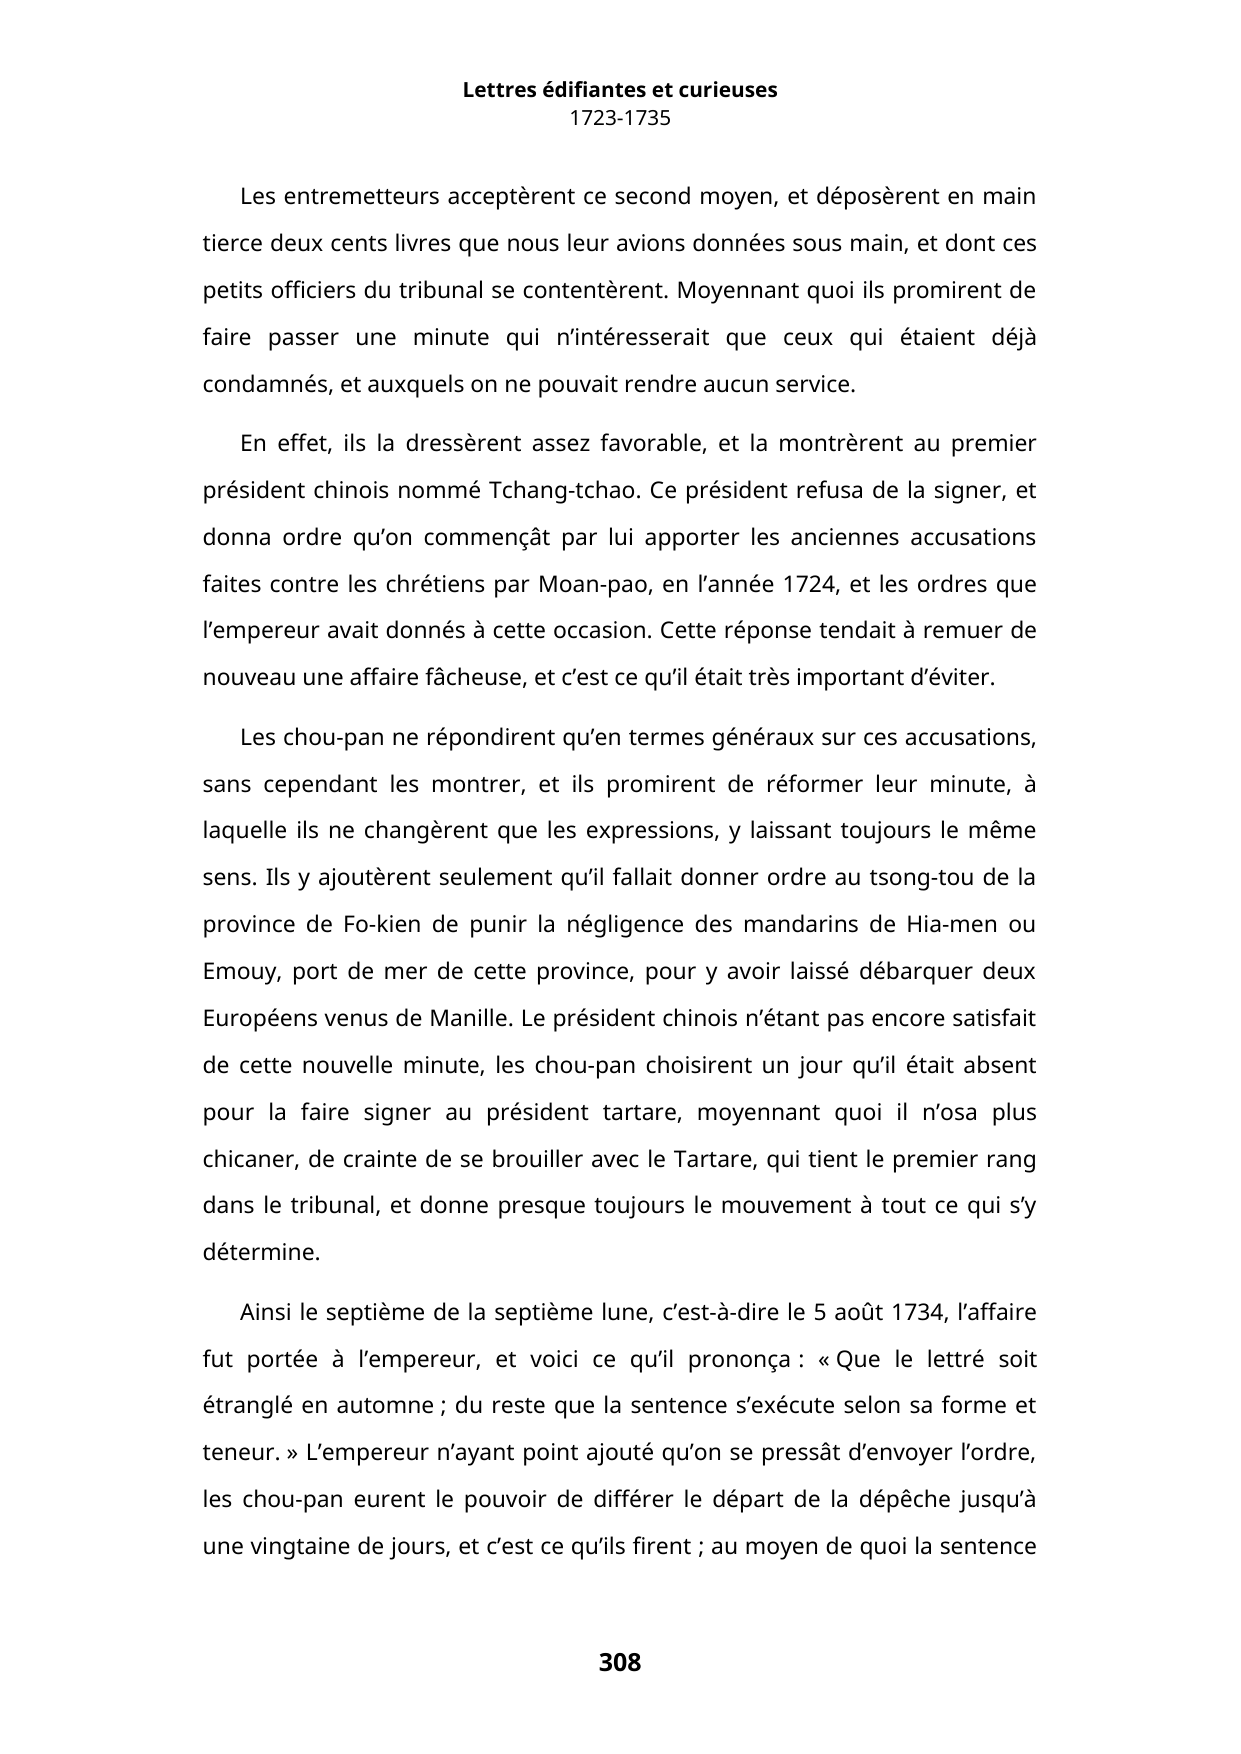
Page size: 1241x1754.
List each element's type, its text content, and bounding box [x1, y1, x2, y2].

text Ainsi le septième de la septième lune, c’est-à-dire le 5 août 1734, l’affaire fut portée à l’empereur, et voici ce qu’il prononça : « Que le lettré soit étranglé en automne ; du reste que la sentence s’exécute selon sa forme et teneur. » L’empereur n’ayant point ajouté qu’on se pressât d’envoyer l’ordre, les chou-pan eurent le pouvoir de différer le départ de la dépêche jusqu’à une vingtaine de jours, et c’est ce qu’ils firent ; au moyen de quoi la sentence [202, 1296, 1038, 1561]
text Les entremetteurs acceptèrent ce second moyen, et déposèrent en main tierce deux cents livres que nous leur avions données sous main, et dont ces petits officiers du tribunal se contentèrent. Moyennant quoi ils promirent de faire passer une minute qui n’intéresserait que ceux qui étaient déjà condamnés, et auxquels on ne pouvait rendre aucun service. [202, 180, 1038, 399]
text En effet, ils la dressèrent assez favorable, et la montrèrent au premier président chinois nommé Tchang-tchao. Ce président refusa de la signer, et donna ordre qu’on commençât par lui apporter les anciennes accusations faites contre les chrétiens par Moan-pao, en l’année 1724, et les ordres que l’empereur avait donnés à cette occasion. Cette réponse tendait à remuer de nouveau une affaire fâcheuse, et c’est ce qu’il était très important d’éviter. [202, 427, 1038, 692]
text Les chou-pan ne répondirent qu’en termes généraux sur ces accusations, sans cependant les montrer, et ils promirent de réformer leur minute, à laquelle ils ne changèrent que les expressions, y laissant toujours le même sens. Ils y ajoutèrent seulement qu’il fallait donner ordre au tsong-tou de la province de Fo-kien de punir la négligence des mandarins de Hia-men ou Emouy, port de mer de cette province, pour y avoir laissé débarquer deux Européens venus de Manille. Le président chinois n’étant pas encore satisfait de cette nouvelle minute, les chou-pan choisirent un jour qu’il était absent pour la faire signer au président tartare, moyennant quoi il n’osa plus chicaner, de crainte de se brouiller avec le Tartare, qui tient le premier rang dans le tribunal, et donne presque toujours le mouvement à tout ce qui s’y détermine. [202, 721, 1038, 1267]
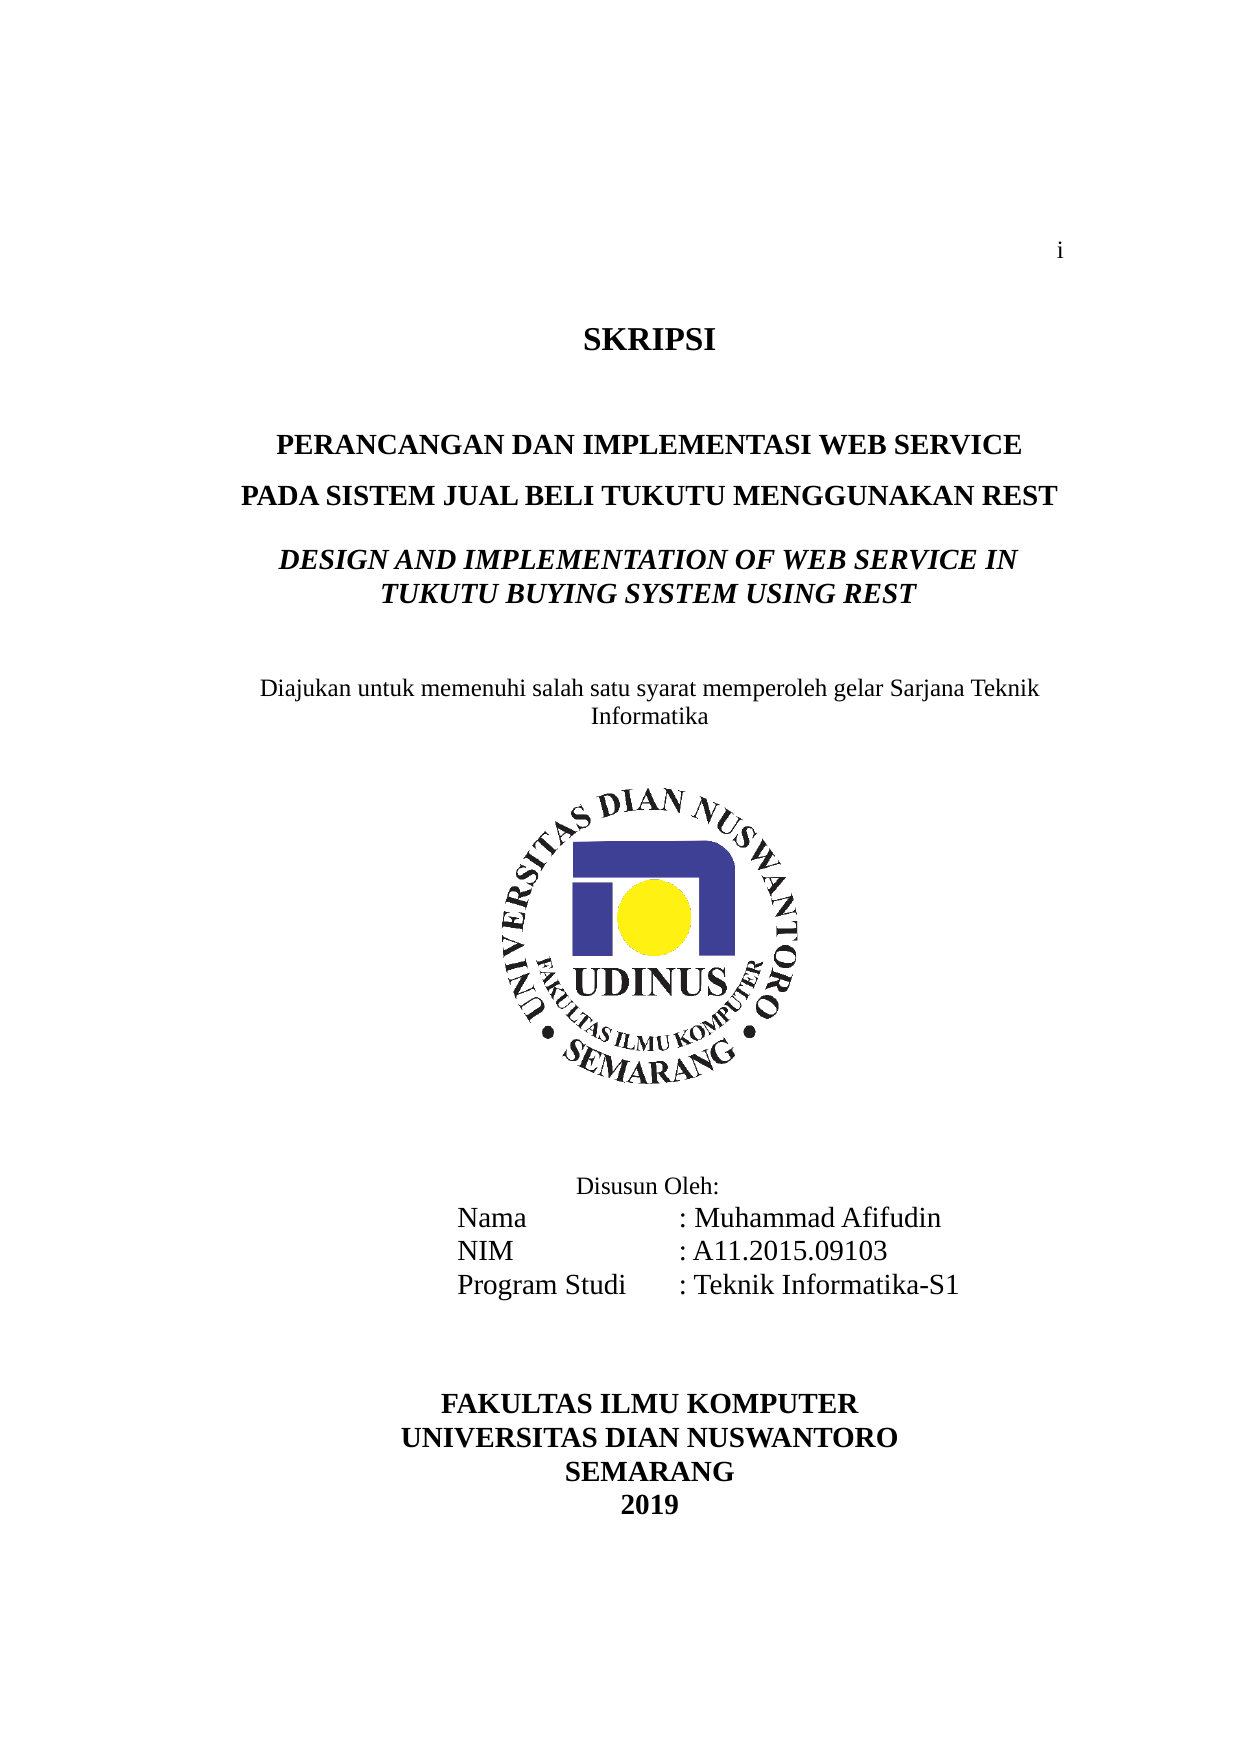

▬▬▬▬▬▬▬▬▬▬

For the records above, state the number of lines holding the string "signer", without further comment.

2